C E N T R A A L  T U C H T C O L L E G E
voor de Gezondheidszorg
Beslissing in de zaak onder nummer C2023/1791 van:
                A., wonende te B., appellant, klager in eerste aanleg,
tegen
                C., psychiater, (destijds) werkzaam te D., verweerder in beide 
                instanties, gemachtigde: mr. A.C.I.J. Hiddinga te Amsterdam.
1.    Verloop van de procedure
    A. - hierna klager - heeft op 28 december 2021 bij het Regionaal Tuchtcollege te 
    Zwolle tegen C. - hierna de psychiater - een klacht ingediend. Bij beslissing van 
    4 november 2022, onder nummer Z2021/3740 heeft dat College de klacht ongegrond 
    verklaard. Klager is van die beslissing tijdig in beroep gekomen. De psychiater heeft 
    een verweerschrift in beroep ingediend. 
    De zaak is in beroep behandeld ter openbare terechtzitting van het Centraal     Tuchtcollege van 28 juni 2023, waar zijn verschenen klager en de psychiater,     bijgestaan door zijn gemachtigde. 

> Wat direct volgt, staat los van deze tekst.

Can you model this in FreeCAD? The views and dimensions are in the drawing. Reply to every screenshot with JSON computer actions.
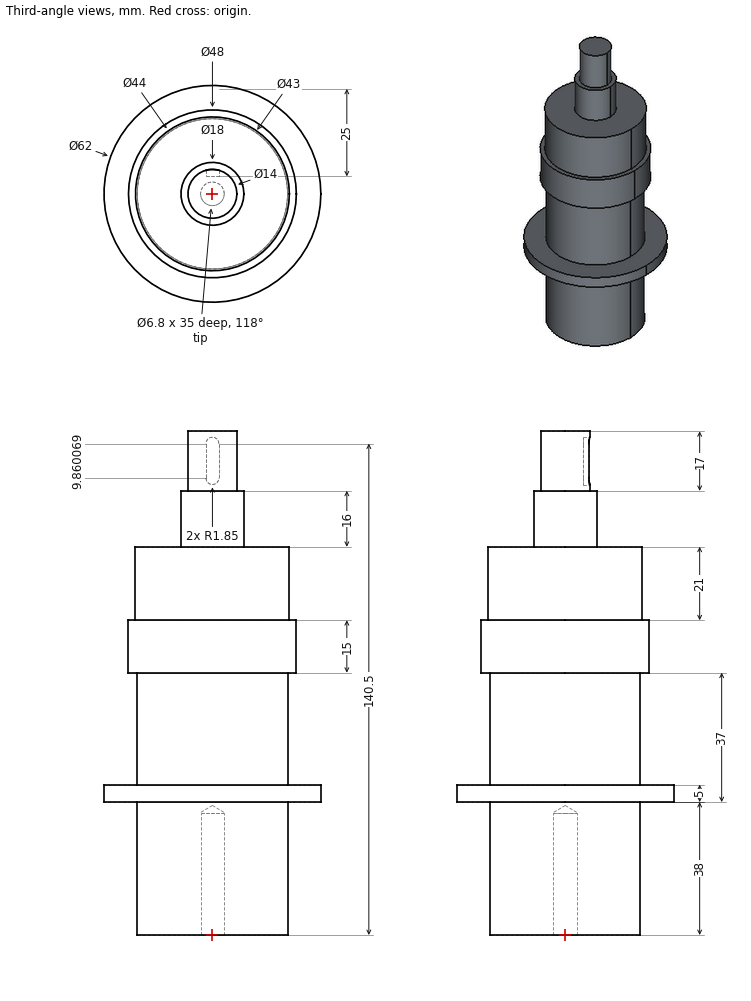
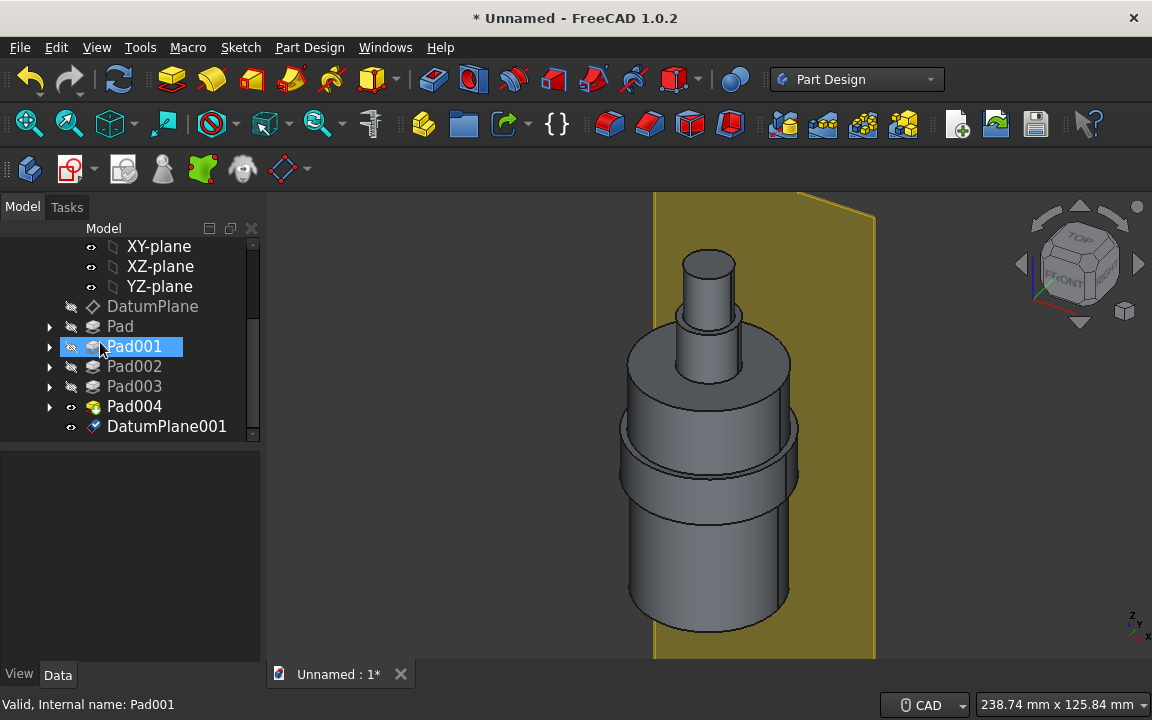
{"action": "left_click", "coordinate": [116, 427]}

2.    Beslissing in eerste aanleg
    Het Regionaal Tuchtcollege heeft aan zijn beslissing het volgende ten grondslag     gelegd.
“2.    DE FEITEN
Op grond van de stukken (waaronder het medisch dossier) en het verhandelde ter zitting dient, voor zover van belang voor de beoordeling van de klacht, van het volgende te worden uitgegaan.

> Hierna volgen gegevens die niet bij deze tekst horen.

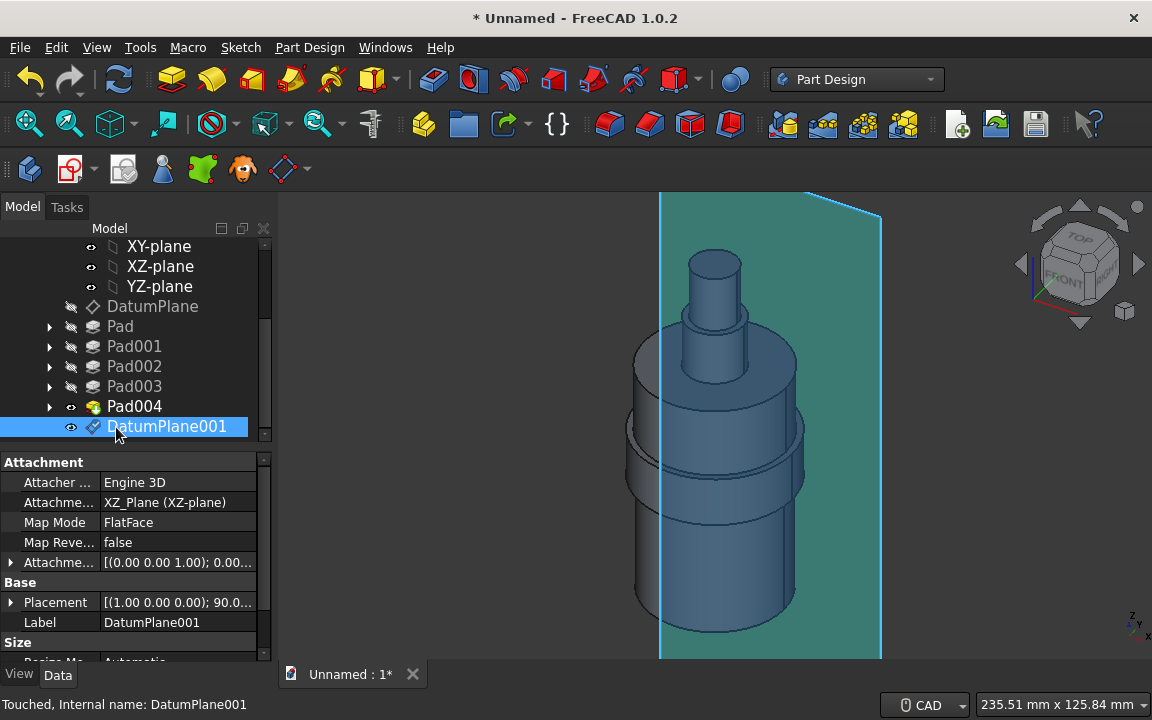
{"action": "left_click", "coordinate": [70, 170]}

Beklaagde heeft in het kader van een civielrechtelijke aansprakelijkheidsprocedure tussen klager en een van klagers’ voormalige patiëntes op 28 december 2012 een psychiatrische expertise uitgebracht. Klager was destijds psychoanalyticus van zijn voormalige patiënte. De psychiatrische expertise is opgesteld naar aanleiding van een verzoek daartoe van de advocaat van de voormalige patiënte van klager.
3.    HET STANDPUNT VAN KLAGER EN DE KLACHT
Klager verwijt beklaagde - zakelijk weergegeven - dat het rapport, welke is uitgebracht door beklaagde, niet voldoet aan de daarvoor geldende richtlijnen en dat het beginsel van hoor- en wederhoor niet is toegepast. Voorts stelt klager dat het rapport blijk geeft van het ontbreken van kennis van de essentie van de psychoanalyse bij beklaagde.

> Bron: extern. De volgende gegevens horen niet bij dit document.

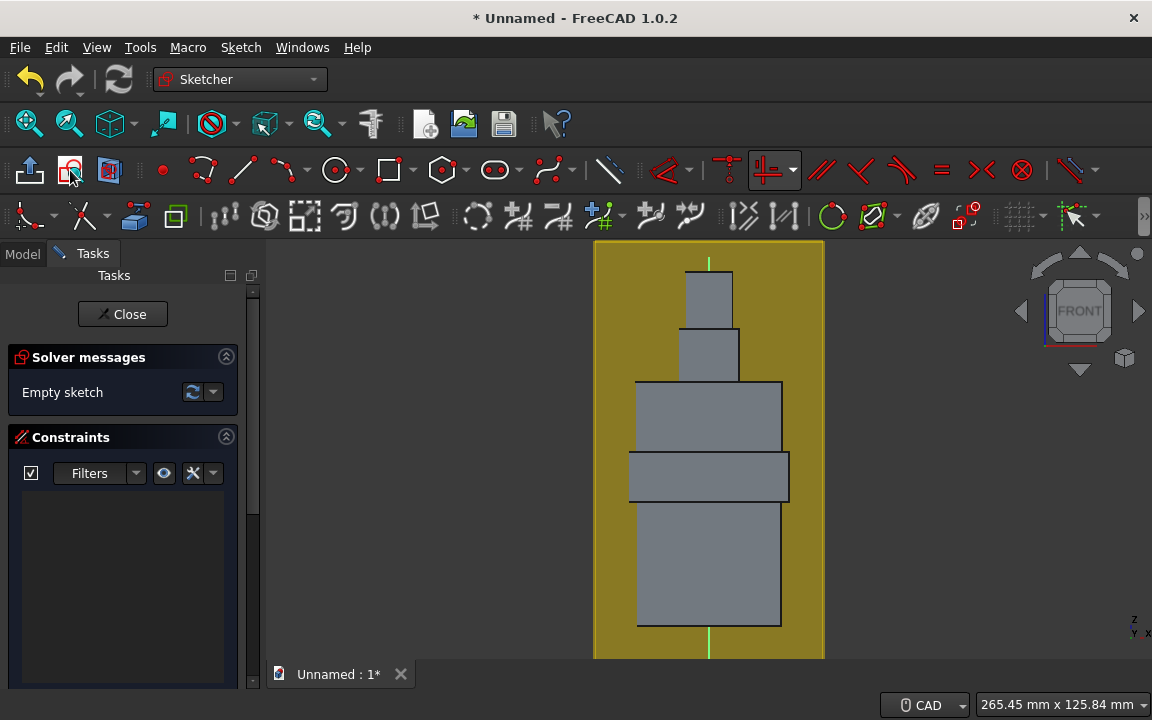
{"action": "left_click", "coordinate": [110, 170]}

     4.    HET STANDPUNT VAN BEKLAAGDE
Beklaagde voert - zakelijk weergegeven - primair aan dat niet is gebleken dat klager een concreet eigen belang heeft dat te maken heeft met de individuele gezondheidszorg. Op grond daarvan kan klager niet als rechtstreeks belanghebbende ex artikel 65, lid 1, sub a, Wet op de beroepen in de individuele gezondheidszorg worden aangemerkt.
Subsidiair voert beklaagde aan dat het rapport voldoet aan de eisen zoals door het Centraal Tuchtcollege voor de Gezondheidszorg zijn geformuleerd. Voor zover nodig wordt hierna meer specifiek op het verweer ingegaan. 
5.    DE OVERWEGINGEN VAN HET COLLEGE
5.1 Ontvankelijkheid
Klachten over medische adviezen van beroepsbeoefenaars in de individuele gezondheidszorg, zoals het door beklaagde opgestelde rapport, kunnen op grond van de tweede tuchtnorm worden beoordeeld. Een voorwaarde voor ontvankelijkheid is wel dat klager een rechtstreeks belang bij de klacht heeft, dat geplaatst kan worden in het kader van de individuele gezondheidszorg. In lijn met uitspraak ECLI:NL:TGZCTG:2013:52 van het Centraal Tuchtcollege (CTG), oordeelt het college dat klager aangemerkt kan worden als rechtstreeks belanghebbende in de zin van artikel 65 lid 1 Wet BIG, omdat diens handelen als psychiater in het rapport wordt gekwalificeerd als normoverschrijdend en niet in overeenstemming met de professionele standaard. De klacht is ontvankelijk.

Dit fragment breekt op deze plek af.